Support Questions
Find answers, ask questions, and share your expertise
Announcements
Check out our newest addition to the community, the Cloudera Innovation Accelerator group hub.

How to do I copy data from one HDFS to another HDFS?

Explorer
3favorite
2

I have two HDFS setup and want to copy (not migrate or move) some tables from HDFS1 to HDFS2. How to do I copy data from one HDFS to another HDFS? Other than using sqoop or discp options.

4 REPLIES 4

@JAYA PARASU

Your only option outside of distcp and recreating the tables on the other cluster is to use Falcon.

https://docs.hortonworks.com/HDPDocuments/HDP2/HDP-2.5.3/bk_data-movement-and-integration/content/ch...

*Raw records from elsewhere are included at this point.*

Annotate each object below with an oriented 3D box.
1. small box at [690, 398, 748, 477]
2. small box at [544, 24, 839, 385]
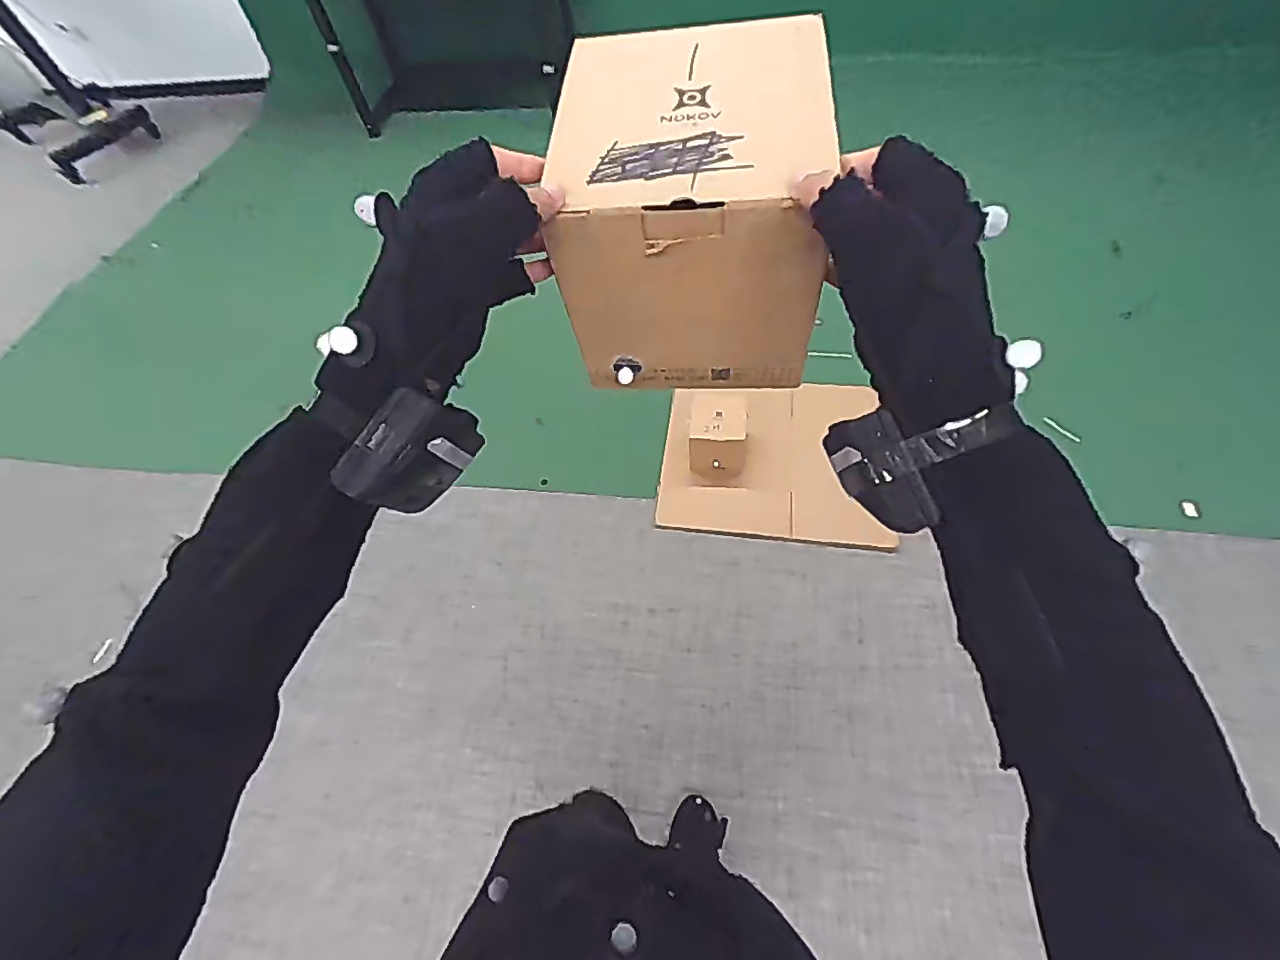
[{"bbox_3d":[0.243,-0.130,1.668,0.168,0.176,0.179,3,57,10],"label":"small box"},{"bbox_3d":[0.043,-0.184,0.399,0.168,0.176,0.179,1,63,9],"label":"small box"}]
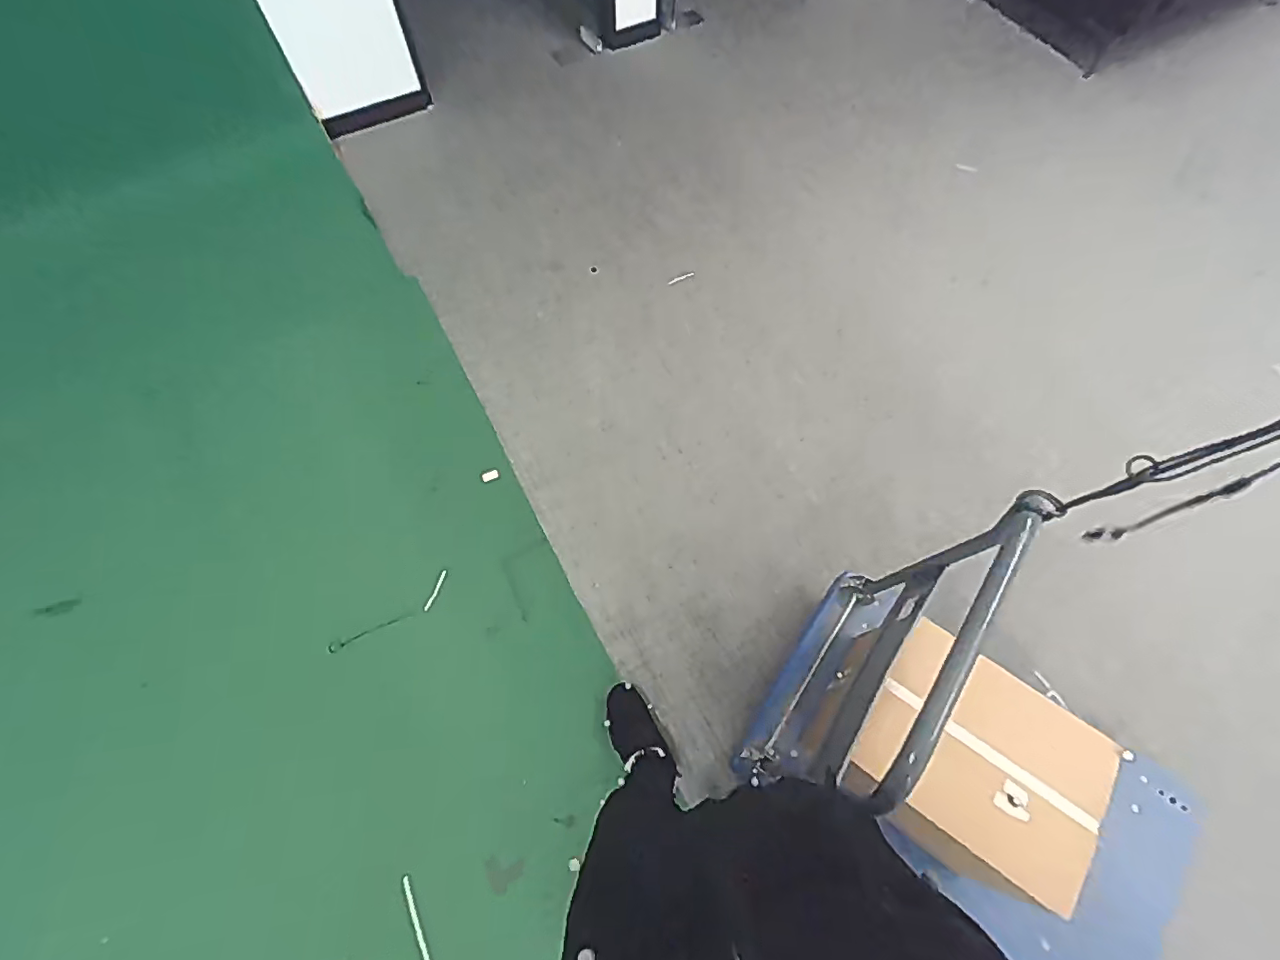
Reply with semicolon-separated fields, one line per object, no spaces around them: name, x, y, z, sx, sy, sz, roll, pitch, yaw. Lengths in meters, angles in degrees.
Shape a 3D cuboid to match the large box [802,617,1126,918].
large box;0.608;0.539;1.082;0.408;0.320;0.320;35;70;13
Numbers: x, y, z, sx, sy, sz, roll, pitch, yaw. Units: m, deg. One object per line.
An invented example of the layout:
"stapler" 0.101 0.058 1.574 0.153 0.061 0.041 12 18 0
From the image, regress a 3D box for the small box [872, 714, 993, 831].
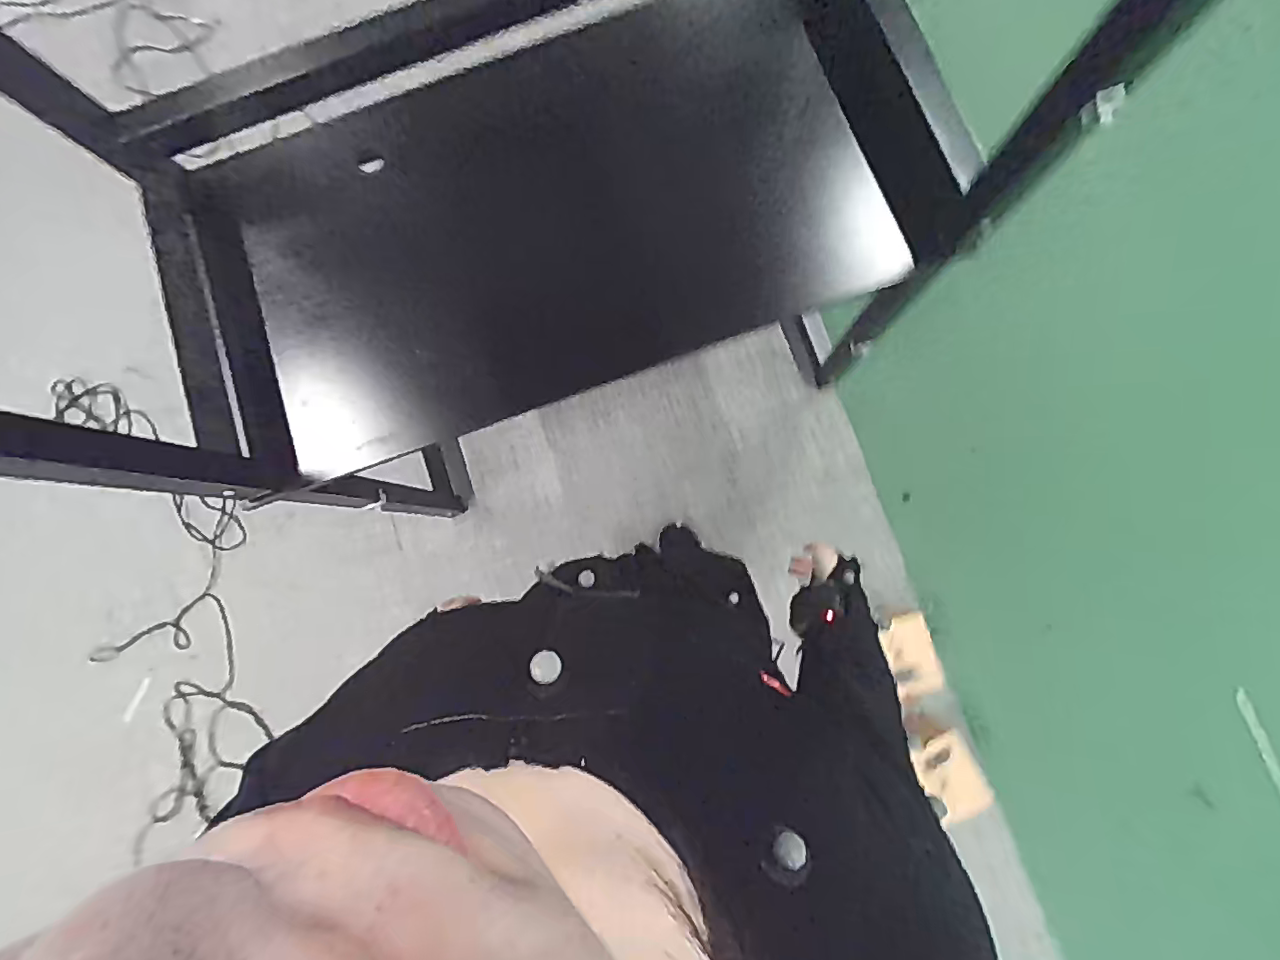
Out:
"small box" 0.697 0.695 1.313 0.168 0.176 0.179 -26 83 2
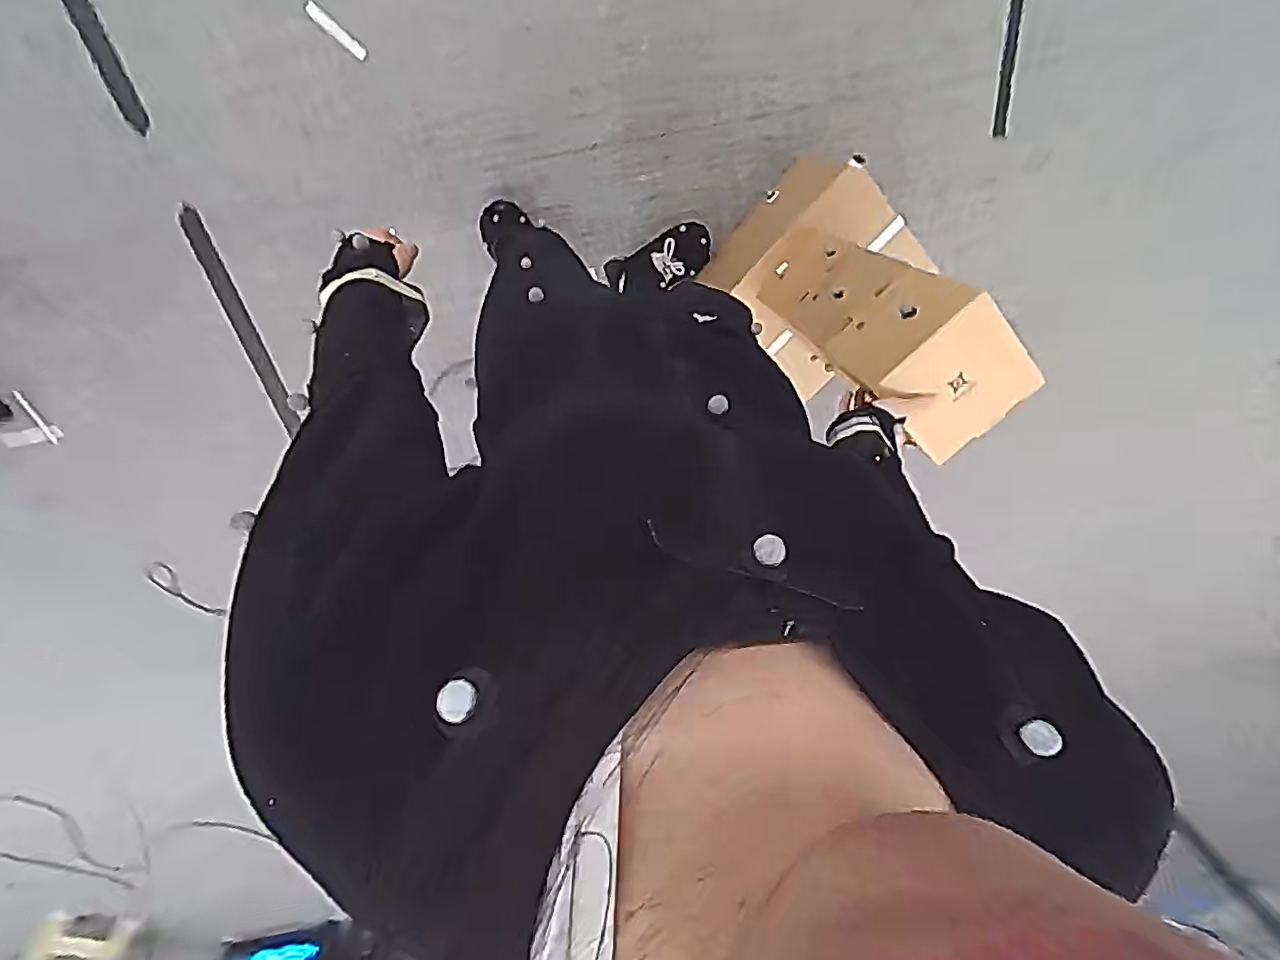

It still uses distcp in the background though, but that is transparent to the user.

Please be advised that starting HDP 2.6, Falcon has been deprecated and will be completely removed from the stack starting HDP 3

As always, if you find this post helpful, don't forget to "accept" answer.

@JAYA PARASU

There's currently no substitute to Falcon or distcp within the platform. Expect a solution in the near future that will replace the deprecated Falcon.

Having said that, I would suggest you take the distcp and recreating/copying the Hive DDL/tables route rather than investing effort into setting up Falcon.

Explorer

Thank you Eyad, we are using HDP 2.6, do we have any other option other than Falcon. Since Falcon has been deprecated with HDP 2.6.

@JAYA PARASU

You could also try taking a HDFS snapshot:

https://hortonworks.com/blog/protecting-your-enterprise-data-with-hdfs-snapshots/

https://hadoop.apache.org/docs/stable/hadoop-project-dist/hadoop-hdfs/HdfsSnapshots.html

You can setup a cron job that takes the snapshot and does the copy on a regular basis.